I used to remember in my early walk, I asked my pastor exactly what I could do when I was with my girlfried. His response was that the spirit would guide me. He said that the word would sanctify me; he said that he would NOT give me his opinion on what and where the line would be drawn in the sand, as if he did, it would give me license to at the least endeavor to push even that envelope.

My wife Tina and I were best friends for about 5 years prior to our marriage. The first time we held hands was after we were engaged. Our first kiss was at the altar. Now, believe you me, the scriptures do NOT say one needs to be where we were; this was our decision. Did it glorify God; possibly. The question to ask, even though we were abstinant is, were we pure also in thought, because you see, the work can be undone by the thought life-no?
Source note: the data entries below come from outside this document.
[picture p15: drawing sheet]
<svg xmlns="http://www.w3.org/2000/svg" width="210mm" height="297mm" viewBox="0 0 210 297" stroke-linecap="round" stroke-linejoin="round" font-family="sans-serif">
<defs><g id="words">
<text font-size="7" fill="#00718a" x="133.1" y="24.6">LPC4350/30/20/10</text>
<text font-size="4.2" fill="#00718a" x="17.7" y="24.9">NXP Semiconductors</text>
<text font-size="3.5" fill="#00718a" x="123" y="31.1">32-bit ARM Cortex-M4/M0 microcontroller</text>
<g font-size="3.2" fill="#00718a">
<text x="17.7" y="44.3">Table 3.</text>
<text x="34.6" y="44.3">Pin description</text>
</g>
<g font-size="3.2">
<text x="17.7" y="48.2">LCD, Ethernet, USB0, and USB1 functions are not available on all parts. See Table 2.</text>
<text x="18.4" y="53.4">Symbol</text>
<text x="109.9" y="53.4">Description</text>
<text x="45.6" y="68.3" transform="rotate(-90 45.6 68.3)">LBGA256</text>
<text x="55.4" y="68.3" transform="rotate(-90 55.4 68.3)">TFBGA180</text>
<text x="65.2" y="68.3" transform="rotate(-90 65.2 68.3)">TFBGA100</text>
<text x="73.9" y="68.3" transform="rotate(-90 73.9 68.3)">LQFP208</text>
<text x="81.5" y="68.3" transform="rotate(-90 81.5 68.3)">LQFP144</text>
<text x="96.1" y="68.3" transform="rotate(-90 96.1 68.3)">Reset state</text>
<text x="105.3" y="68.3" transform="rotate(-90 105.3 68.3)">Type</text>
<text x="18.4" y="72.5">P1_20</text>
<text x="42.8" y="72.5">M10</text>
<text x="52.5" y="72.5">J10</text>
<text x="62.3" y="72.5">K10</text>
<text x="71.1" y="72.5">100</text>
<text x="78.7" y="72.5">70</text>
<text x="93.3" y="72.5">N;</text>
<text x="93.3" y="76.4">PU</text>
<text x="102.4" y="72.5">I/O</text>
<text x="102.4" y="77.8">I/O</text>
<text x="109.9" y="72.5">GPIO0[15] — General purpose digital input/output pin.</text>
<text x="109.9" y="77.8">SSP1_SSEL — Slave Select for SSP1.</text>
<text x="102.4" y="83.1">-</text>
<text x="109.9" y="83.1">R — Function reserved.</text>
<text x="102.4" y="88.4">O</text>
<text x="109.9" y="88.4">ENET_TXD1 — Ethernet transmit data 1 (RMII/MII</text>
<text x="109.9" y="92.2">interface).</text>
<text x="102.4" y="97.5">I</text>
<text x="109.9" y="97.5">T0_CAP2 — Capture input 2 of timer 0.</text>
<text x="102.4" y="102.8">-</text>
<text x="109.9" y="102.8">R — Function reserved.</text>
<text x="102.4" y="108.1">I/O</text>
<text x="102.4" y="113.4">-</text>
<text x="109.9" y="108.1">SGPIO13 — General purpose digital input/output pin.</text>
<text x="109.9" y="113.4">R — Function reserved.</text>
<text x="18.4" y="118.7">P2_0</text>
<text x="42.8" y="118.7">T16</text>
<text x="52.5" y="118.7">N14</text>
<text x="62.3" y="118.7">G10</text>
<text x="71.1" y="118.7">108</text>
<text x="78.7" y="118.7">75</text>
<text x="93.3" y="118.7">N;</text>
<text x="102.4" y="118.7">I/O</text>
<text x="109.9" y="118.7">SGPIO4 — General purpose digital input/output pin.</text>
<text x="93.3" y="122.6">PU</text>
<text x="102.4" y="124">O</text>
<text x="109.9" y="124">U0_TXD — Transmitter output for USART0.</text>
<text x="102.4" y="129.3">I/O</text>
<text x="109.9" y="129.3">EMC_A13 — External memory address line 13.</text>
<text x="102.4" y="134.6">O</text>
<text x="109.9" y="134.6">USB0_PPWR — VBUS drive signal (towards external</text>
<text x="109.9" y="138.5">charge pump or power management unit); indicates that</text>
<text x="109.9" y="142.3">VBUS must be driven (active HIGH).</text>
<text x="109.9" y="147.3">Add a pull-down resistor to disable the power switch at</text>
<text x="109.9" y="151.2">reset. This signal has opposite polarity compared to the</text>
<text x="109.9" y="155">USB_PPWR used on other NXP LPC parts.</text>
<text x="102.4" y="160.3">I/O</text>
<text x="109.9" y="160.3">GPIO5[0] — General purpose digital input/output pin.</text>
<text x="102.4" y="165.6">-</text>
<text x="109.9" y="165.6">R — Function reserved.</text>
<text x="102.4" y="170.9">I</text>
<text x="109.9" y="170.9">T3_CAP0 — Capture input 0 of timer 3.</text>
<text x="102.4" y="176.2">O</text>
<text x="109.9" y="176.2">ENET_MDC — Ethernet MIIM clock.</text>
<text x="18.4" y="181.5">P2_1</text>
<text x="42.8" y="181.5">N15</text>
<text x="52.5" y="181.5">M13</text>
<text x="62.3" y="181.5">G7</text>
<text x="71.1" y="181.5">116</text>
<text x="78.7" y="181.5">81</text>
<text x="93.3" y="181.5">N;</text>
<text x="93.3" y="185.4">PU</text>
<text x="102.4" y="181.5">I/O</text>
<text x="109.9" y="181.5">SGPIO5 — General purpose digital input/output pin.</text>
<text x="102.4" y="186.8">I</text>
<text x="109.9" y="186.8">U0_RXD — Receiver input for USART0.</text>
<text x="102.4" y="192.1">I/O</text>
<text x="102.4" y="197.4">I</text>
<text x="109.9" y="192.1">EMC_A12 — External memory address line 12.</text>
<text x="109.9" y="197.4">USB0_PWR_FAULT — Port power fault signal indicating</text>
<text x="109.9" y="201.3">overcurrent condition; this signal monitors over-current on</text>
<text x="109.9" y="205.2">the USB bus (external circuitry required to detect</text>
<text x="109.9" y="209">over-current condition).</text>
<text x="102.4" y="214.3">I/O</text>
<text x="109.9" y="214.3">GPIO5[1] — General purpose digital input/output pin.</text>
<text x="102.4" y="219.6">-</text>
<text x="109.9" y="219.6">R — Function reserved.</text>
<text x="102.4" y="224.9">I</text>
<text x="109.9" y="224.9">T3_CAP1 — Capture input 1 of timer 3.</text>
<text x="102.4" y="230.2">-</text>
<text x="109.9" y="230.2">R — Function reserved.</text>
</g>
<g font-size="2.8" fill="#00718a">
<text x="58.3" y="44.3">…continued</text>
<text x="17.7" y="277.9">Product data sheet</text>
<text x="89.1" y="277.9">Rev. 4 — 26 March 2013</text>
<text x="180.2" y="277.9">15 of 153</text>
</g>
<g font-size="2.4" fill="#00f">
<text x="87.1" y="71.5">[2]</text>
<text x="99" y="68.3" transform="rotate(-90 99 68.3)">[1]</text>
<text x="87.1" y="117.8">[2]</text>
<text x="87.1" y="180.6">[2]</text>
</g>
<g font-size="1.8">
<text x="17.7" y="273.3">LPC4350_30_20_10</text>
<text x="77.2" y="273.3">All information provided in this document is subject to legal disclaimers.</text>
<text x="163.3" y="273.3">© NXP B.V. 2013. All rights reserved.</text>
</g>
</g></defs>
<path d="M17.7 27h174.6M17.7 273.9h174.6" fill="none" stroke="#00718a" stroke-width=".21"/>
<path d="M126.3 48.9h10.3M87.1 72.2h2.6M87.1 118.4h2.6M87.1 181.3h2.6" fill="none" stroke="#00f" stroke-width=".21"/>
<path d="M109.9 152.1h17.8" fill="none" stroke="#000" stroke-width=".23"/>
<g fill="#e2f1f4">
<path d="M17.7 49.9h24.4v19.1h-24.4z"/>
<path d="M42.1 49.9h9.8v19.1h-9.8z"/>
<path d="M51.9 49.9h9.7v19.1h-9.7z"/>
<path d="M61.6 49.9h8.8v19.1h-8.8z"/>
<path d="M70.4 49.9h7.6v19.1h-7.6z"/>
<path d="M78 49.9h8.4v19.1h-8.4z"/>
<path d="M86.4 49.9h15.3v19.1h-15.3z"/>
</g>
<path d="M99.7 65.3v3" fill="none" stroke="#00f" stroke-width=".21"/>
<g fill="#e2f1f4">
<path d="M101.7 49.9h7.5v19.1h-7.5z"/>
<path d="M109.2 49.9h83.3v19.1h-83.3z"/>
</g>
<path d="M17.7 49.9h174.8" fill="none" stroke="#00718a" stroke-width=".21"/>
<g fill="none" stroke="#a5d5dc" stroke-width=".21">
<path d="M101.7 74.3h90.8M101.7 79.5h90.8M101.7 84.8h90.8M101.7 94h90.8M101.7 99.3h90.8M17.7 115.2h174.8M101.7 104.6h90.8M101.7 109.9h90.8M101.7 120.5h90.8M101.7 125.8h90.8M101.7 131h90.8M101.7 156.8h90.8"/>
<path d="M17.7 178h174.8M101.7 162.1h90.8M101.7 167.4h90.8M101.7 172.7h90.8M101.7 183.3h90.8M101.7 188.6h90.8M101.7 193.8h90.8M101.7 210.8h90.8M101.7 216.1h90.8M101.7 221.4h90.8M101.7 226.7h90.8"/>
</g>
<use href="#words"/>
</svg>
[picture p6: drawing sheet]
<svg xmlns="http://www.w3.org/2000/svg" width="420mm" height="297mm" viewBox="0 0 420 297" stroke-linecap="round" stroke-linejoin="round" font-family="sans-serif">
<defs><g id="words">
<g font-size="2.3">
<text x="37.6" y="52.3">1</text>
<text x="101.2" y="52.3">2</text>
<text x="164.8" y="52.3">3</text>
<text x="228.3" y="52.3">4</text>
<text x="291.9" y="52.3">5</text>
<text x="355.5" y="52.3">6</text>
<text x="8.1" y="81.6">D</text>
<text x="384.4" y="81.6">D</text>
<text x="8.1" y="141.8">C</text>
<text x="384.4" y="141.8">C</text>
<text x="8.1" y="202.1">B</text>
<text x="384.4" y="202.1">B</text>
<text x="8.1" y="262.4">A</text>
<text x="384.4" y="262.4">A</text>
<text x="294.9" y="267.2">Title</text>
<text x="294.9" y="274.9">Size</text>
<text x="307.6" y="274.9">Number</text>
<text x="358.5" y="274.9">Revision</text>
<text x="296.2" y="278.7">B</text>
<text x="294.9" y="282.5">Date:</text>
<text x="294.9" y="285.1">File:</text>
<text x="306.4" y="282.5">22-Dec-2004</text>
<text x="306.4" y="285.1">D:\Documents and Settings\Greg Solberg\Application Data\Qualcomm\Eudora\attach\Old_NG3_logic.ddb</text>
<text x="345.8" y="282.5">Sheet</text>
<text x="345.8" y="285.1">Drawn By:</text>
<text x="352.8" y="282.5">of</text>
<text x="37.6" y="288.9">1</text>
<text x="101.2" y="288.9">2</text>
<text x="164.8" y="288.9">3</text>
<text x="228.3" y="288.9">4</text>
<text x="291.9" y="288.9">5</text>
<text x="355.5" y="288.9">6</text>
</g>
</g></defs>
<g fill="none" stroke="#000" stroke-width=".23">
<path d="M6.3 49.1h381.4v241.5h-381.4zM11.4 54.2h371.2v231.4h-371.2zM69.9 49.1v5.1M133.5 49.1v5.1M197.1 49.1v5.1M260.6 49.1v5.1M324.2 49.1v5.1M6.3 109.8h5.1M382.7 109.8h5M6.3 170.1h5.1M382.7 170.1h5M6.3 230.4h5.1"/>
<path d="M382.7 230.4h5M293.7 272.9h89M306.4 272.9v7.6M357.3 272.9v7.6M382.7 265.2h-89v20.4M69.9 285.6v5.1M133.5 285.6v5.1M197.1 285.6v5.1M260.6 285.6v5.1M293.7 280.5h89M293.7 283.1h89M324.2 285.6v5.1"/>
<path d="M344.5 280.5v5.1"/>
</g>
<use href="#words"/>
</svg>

My question to you is, why are you now wondering about obligation?


----------



## C. Matthew McMahon (Feb 16, 2004)

You have opened a can of worms. That's not a bad thing, just an extensive thing.
Lots of things should be considered.
Most pleasing to God is their repentance through Jesus Christ. They did that. That's is important.
Next would be their hatred of that sin in not doing it again (or anything close to it, or that triggers it). Good again, they have taken measures to deal with it.
At that point, they have done what God requires.
Should they marry? Not necessarily. There is nothing I know of that says, since you have fornicated with eight women before you were married, three of them as a believer, then you have to marry all three, or two or one. 
Next thing to consider would be the commitment to one another - do they want to marry? Really? They have acted irresponsibly towards one another - that should cause both to stop and think through the ability of one another in being faithful (there are lots of ramifications you can think through there.)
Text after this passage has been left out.